Task directions ▸ Pictures in the records below are skipped; the rest is copied exactly.

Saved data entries
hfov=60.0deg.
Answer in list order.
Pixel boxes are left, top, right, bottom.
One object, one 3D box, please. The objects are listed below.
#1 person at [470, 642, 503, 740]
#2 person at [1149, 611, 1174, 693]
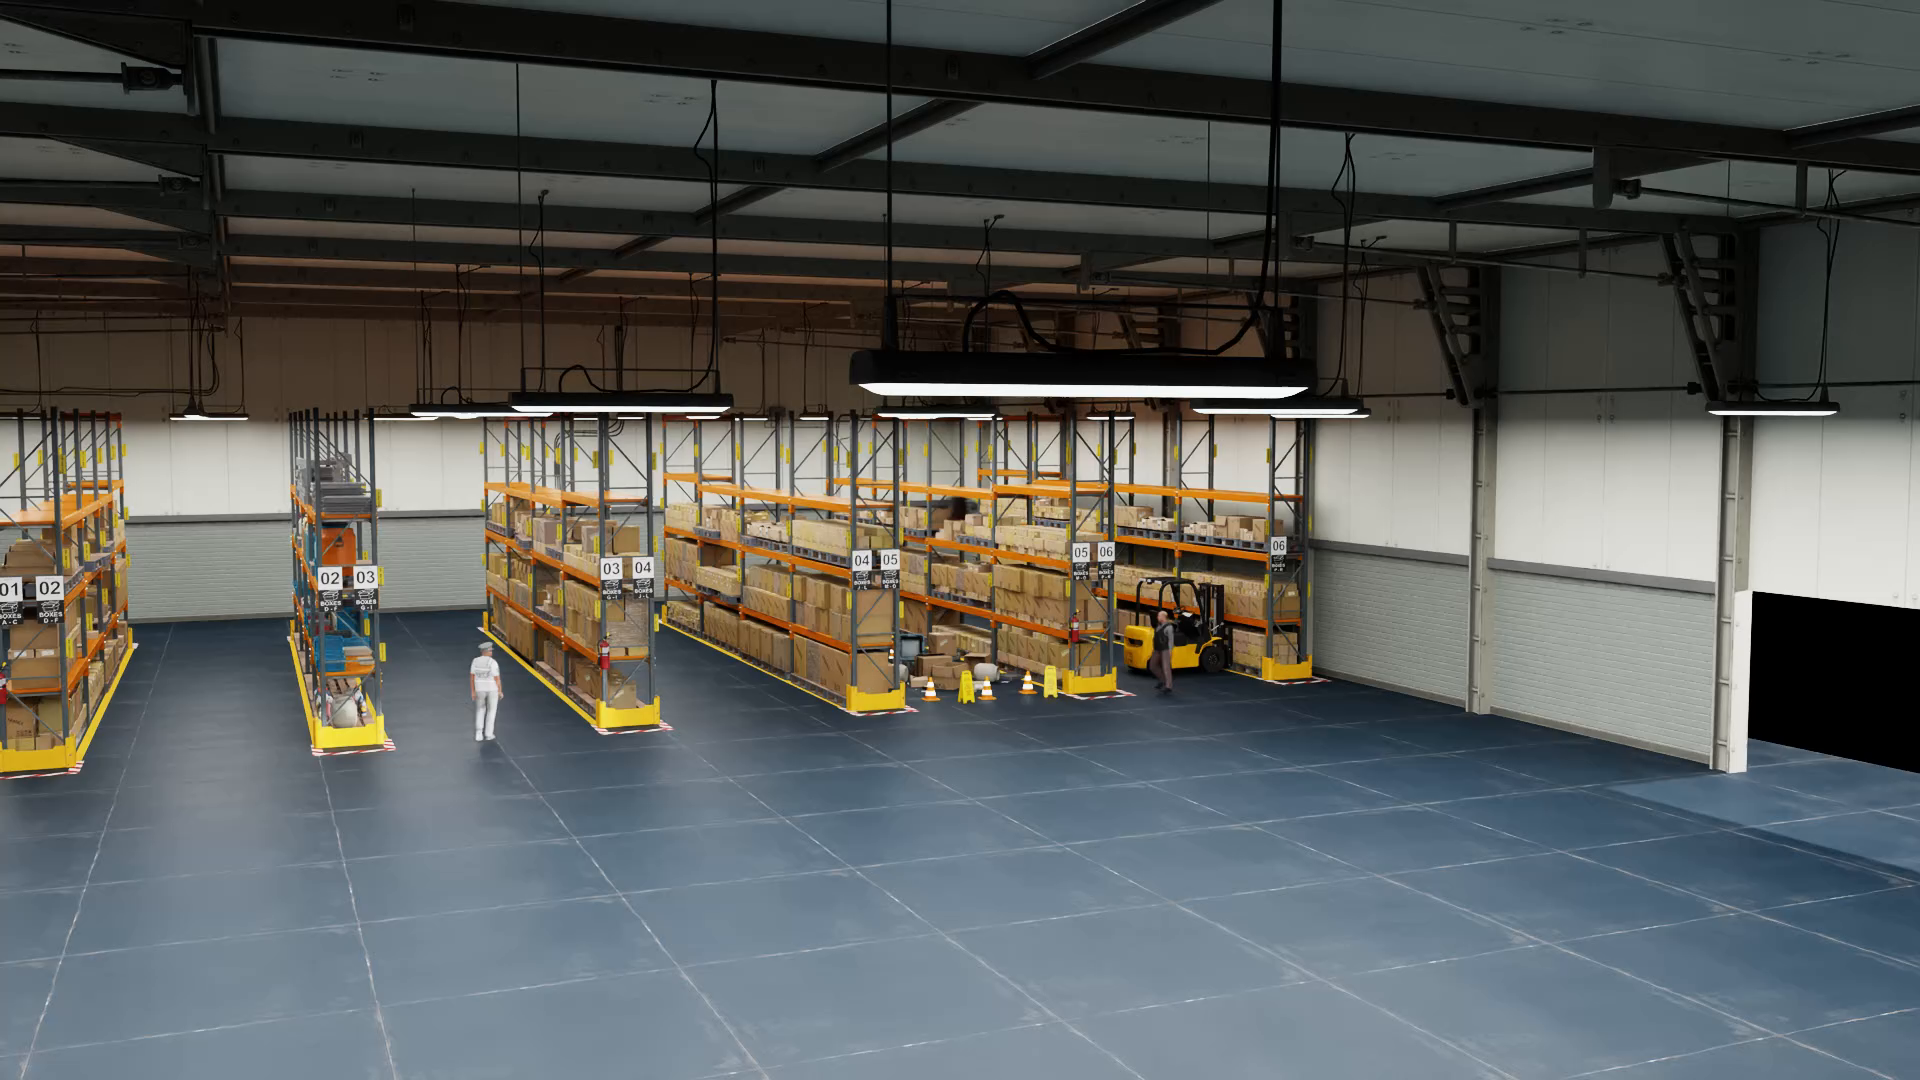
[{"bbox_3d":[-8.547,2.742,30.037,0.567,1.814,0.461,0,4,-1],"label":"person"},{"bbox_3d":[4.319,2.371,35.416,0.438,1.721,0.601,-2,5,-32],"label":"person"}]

Answer box ▸
hfov=60.0deg.
Answer in list order.
Pixel boxes are left, top, right, bottom.
One object, one 3D box, please. The objects are listed below.
#1 person at [470, 642, 503, 740]
#2 person at [1149, 611, 1174, 693]
[{"bbox_3d":[-8.547,2.742,30.037,0.567,1.814,0.461,0,4,-1],"label":"person"},{"bbox_3d":[4.319,2.371,35.416,0.438,1.721,0.601,-2,5,-32],"label":"person"}]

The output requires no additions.